Dataset |
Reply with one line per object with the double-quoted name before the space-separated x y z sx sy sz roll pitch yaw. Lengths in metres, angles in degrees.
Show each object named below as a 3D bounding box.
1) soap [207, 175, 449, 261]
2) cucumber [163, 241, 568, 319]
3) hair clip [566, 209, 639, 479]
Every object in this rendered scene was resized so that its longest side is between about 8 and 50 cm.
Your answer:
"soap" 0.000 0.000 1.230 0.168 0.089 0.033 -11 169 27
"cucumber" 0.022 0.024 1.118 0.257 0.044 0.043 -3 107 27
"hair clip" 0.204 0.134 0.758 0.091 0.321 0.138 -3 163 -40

==

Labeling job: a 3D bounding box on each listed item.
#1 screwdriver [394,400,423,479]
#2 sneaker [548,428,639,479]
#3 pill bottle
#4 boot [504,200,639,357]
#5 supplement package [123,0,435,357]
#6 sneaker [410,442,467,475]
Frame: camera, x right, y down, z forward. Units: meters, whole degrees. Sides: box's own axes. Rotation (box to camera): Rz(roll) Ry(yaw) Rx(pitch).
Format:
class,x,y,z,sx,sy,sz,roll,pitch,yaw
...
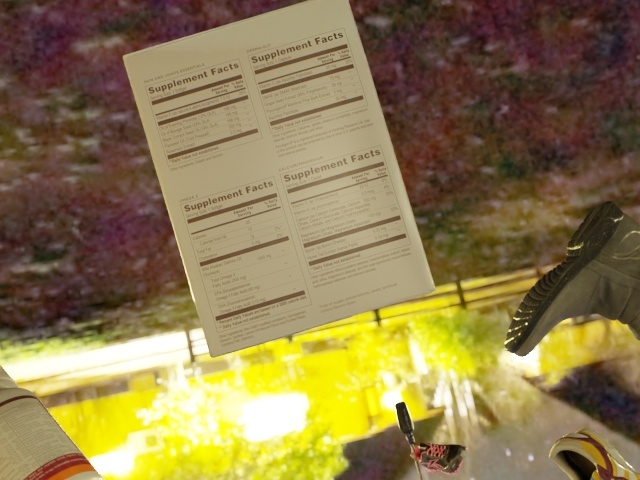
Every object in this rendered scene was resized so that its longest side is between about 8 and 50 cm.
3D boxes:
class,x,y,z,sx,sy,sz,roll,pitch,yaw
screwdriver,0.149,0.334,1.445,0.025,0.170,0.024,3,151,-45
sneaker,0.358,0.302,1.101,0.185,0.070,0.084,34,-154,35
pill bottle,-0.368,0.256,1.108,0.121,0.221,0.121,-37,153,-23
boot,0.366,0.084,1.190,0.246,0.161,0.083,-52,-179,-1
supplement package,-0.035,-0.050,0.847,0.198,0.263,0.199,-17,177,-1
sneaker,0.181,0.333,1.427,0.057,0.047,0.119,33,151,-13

* * *

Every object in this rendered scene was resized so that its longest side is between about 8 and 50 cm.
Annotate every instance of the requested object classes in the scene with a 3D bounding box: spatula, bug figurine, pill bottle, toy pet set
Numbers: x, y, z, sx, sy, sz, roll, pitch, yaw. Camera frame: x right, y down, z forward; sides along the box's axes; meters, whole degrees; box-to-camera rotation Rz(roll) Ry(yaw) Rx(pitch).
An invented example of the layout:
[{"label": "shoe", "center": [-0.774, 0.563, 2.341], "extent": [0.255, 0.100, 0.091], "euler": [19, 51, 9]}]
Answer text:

Exercise details | Each line of the data in which the string "forward" appears needs to be copied.

Task output |
Frame: camera, x right, y down, z forward. Units: meters, whole degrees. Sides: box's own axes. Rotation (box to camera): Rz(roll) Ry(yaw) Rx(pitch).
Numbers: x, y, z, sx, sy, sz, roll, pitch, yaw. Camera frame: x right, y down, z forward; sides along the box's axes; meters, whole degrees; box-to-camera rotation Rz(roll) Ry(yaw) Rx(pitch).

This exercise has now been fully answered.